= Beginning of Section =

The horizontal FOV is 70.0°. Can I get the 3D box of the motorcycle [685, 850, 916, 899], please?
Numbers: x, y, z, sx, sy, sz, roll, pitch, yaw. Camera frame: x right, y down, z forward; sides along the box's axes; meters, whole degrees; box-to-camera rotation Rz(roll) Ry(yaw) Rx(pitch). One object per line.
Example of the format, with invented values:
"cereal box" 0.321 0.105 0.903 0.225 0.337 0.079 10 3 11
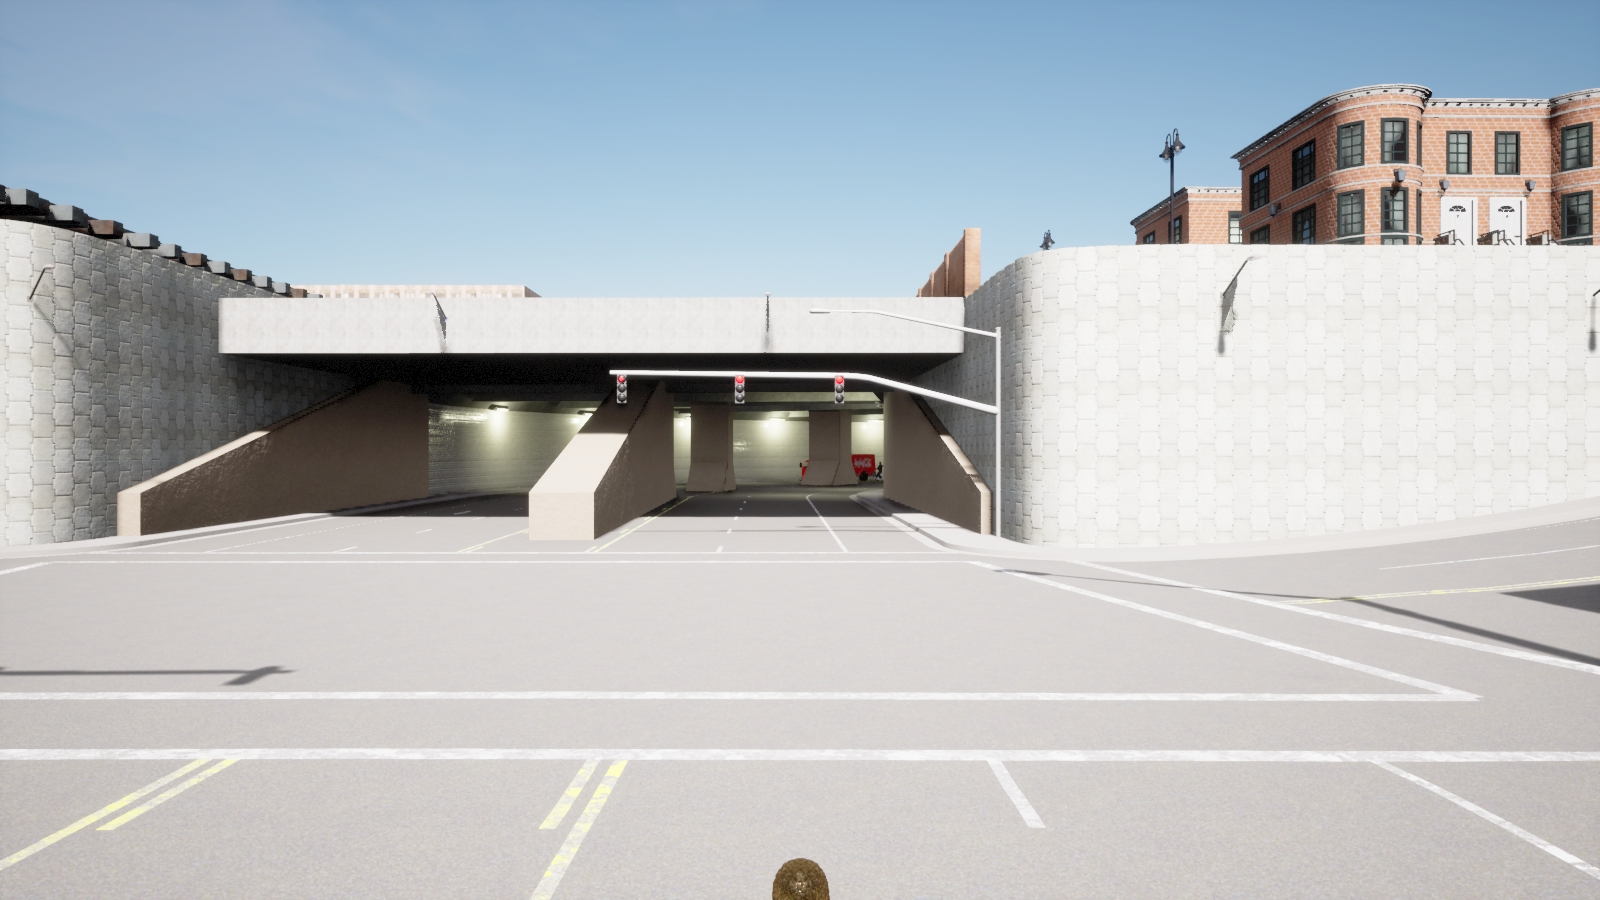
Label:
"motorcycle" 0.004 2.174 3.443 0.803 1.224 2.033 0 0 0

= End of Section =

No pictures should appear in the copy. Print exactly the lines above from the line containing "Numbers: x, y, z, sx, sy, sz, roll, pitch, yaw." through the last line of the data.

RESPONSE AREA.
Numbers: x, y, z, sx, sy, sz, roll, pitch, yaw. Camera frame: x right, y down, z forward; sides along the box's axes; meters, whole degrees; box-to-camera rotation Rz(roll) Ry(yaw) Rx(pitch). One object per line.
Example of the format, with invented values:
"cereal box" 0.321 0.105 0.903 0.225 0.337 0.079 10 3 11
Label:
"motorcycle" 0.004 2.174 3.443 0.803 1.224 2.033 0 0 0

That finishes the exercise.